__What is needed__. Produce an exact copy of the lines below, starting at the first and ending with the line containing "int min = ii[0];".

....

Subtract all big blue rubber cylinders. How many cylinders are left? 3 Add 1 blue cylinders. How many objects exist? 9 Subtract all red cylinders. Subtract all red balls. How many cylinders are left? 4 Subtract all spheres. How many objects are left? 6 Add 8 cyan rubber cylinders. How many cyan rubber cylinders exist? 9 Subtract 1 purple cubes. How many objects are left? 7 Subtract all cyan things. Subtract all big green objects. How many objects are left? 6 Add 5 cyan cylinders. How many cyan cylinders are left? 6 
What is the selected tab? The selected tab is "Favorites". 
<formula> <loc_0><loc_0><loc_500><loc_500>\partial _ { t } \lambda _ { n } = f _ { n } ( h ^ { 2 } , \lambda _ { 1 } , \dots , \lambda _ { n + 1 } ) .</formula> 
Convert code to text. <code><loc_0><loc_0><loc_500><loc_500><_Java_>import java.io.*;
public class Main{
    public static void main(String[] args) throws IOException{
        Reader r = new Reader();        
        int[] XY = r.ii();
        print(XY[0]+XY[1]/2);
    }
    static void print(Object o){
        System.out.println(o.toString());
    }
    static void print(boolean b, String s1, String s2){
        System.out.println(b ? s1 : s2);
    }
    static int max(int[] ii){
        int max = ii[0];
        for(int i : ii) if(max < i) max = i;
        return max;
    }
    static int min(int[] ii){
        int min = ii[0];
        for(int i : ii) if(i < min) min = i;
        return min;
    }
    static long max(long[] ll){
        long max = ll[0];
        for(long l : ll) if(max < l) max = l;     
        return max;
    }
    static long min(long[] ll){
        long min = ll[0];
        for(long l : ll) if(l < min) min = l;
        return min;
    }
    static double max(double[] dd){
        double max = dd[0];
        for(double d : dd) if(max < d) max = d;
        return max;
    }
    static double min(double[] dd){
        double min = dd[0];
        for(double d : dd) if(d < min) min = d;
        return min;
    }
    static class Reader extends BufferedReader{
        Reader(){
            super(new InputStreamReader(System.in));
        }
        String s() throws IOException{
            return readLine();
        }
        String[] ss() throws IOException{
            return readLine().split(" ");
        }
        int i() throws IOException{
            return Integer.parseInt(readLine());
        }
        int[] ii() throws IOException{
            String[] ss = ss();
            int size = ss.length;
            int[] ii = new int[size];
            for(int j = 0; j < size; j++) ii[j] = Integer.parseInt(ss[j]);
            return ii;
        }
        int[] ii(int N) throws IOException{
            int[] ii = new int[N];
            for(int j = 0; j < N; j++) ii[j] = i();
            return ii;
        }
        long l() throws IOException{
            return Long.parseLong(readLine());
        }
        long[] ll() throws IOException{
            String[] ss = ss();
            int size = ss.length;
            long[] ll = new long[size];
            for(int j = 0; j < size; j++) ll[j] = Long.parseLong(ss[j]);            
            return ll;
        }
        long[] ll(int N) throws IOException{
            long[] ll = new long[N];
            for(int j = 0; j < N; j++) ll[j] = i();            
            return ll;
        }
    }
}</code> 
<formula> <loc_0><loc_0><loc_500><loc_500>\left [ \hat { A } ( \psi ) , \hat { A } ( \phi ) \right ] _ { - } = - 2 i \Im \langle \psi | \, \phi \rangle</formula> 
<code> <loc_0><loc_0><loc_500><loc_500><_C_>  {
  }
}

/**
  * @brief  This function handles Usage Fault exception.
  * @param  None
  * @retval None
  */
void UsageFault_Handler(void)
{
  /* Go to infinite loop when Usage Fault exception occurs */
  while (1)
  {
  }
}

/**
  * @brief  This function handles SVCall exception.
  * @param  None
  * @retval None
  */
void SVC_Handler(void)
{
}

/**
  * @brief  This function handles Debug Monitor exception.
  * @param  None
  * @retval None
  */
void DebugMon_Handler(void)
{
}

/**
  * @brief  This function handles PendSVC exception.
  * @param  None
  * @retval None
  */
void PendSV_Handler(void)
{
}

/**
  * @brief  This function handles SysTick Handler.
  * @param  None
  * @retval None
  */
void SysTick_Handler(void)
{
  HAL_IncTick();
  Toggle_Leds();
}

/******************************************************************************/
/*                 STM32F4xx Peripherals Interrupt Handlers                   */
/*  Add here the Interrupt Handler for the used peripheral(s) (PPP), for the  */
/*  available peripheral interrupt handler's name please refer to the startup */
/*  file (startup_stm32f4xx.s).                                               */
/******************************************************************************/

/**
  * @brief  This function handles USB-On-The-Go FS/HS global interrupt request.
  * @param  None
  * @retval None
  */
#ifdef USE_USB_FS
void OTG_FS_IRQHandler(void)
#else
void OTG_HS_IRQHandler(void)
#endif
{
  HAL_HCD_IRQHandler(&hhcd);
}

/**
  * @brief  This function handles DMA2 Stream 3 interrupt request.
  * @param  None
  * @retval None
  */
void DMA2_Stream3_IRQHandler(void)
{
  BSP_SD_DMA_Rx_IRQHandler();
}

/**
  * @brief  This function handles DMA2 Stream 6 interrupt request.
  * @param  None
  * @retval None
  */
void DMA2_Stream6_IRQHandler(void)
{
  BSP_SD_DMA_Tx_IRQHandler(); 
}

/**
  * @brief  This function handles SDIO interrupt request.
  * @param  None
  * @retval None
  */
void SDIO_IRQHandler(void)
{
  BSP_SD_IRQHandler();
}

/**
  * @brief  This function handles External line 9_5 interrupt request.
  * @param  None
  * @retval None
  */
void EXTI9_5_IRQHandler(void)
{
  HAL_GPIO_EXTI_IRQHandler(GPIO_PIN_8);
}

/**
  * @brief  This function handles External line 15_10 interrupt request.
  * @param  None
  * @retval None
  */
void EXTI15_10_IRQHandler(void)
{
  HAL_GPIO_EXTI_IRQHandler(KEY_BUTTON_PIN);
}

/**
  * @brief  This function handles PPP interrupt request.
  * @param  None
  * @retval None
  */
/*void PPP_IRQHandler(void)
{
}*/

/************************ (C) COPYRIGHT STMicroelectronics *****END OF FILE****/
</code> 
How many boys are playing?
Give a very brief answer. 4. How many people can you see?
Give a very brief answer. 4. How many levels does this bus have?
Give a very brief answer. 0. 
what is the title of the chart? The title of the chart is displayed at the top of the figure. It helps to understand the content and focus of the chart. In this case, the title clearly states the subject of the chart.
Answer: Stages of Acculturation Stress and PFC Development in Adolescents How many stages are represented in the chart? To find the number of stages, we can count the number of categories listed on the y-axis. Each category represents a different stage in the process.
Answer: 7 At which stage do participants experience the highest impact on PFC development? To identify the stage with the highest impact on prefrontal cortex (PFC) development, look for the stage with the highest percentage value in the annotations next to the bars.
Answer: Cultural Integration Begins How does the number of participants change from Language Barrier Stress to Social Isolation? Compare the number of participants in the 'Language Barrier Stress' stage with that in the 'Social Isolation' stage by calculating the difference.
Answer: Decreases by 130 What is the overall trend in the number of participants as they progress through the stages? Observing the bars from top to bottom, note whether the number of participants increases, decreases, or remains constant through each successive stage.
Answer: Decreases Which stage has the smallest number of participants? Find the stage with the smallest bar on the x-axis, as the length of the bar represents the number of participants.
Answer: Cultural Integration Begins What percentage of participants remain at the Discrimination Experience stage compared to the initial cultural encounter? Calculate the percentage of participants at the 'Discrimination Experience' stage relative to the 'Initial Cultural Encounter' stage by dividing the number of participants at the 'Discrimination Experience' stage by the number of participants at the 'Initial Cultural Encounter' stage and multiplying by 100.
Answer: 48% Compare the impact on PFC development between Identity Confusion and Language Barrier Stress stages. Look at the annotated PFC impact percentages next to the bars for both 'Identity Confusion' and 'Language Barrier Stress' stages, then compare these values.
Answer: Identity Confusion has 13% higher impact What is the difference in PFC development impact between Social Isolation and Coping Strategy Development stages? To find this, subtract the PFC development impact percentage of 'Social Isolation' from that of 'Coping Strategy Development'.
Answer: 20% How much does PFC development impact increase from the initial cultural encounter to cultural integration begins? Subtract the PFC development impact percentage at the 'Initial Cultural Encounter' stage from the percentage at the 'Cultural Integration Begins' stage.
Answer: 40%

....

__Answer for this exercise__.
Subtract all big blue rubber cylinders. How many cylinders are left? 3 Add 1 blue cylinders. How many objects exist? 9 Subtract all red cylinders. Subtract all red balls. How many cylinders are left? 4 Subtract all spheres. How many objects are left? 6 Add 8 cyan rubber cylinders. How many cyan rubber cylinders exist? 9 Subtract 1 purple cubes. How many objects are left? 7 Subtract all cyan things. Subtract all big green objects. How many objects are left? 6 Add 5 cyan cylinders. How many cyan cylinders are left? 6 
What is the selected tab? The selected tab is "Favorites". 
<formula> <loc_0><loc_0><loc_500><loc_500>\partial _ { t } \lambda _ { n } = f _ { n } ( h ^ { 2 } , \lambda _ { 1 } , \dots , \lambda _ { n + 1 } ) .</formula> 
Convert code to text. <code><loc_0><loc_0><loc_500><loc_500><_Java_>import java.io.*;
public class Main{
    public static void main(String[] args) throws IOException{
        Reader r = new Reader();        
        int[] XY = r.ii();
        print(XY[0]+XY[1]/2);
    }
    static void print(Object o){
        System.out.println(o.toString());
    }
    static void print(boolean b, String s1, String s2){
        System.out.println(b ? s1 : s2);
    }
    static int max(int[] ii){
        int max = ii[0];
        for(int i : ii) if(max < i) max = i;
        return max;
    }
    static int min(int[] ii){
        int min = ii[0];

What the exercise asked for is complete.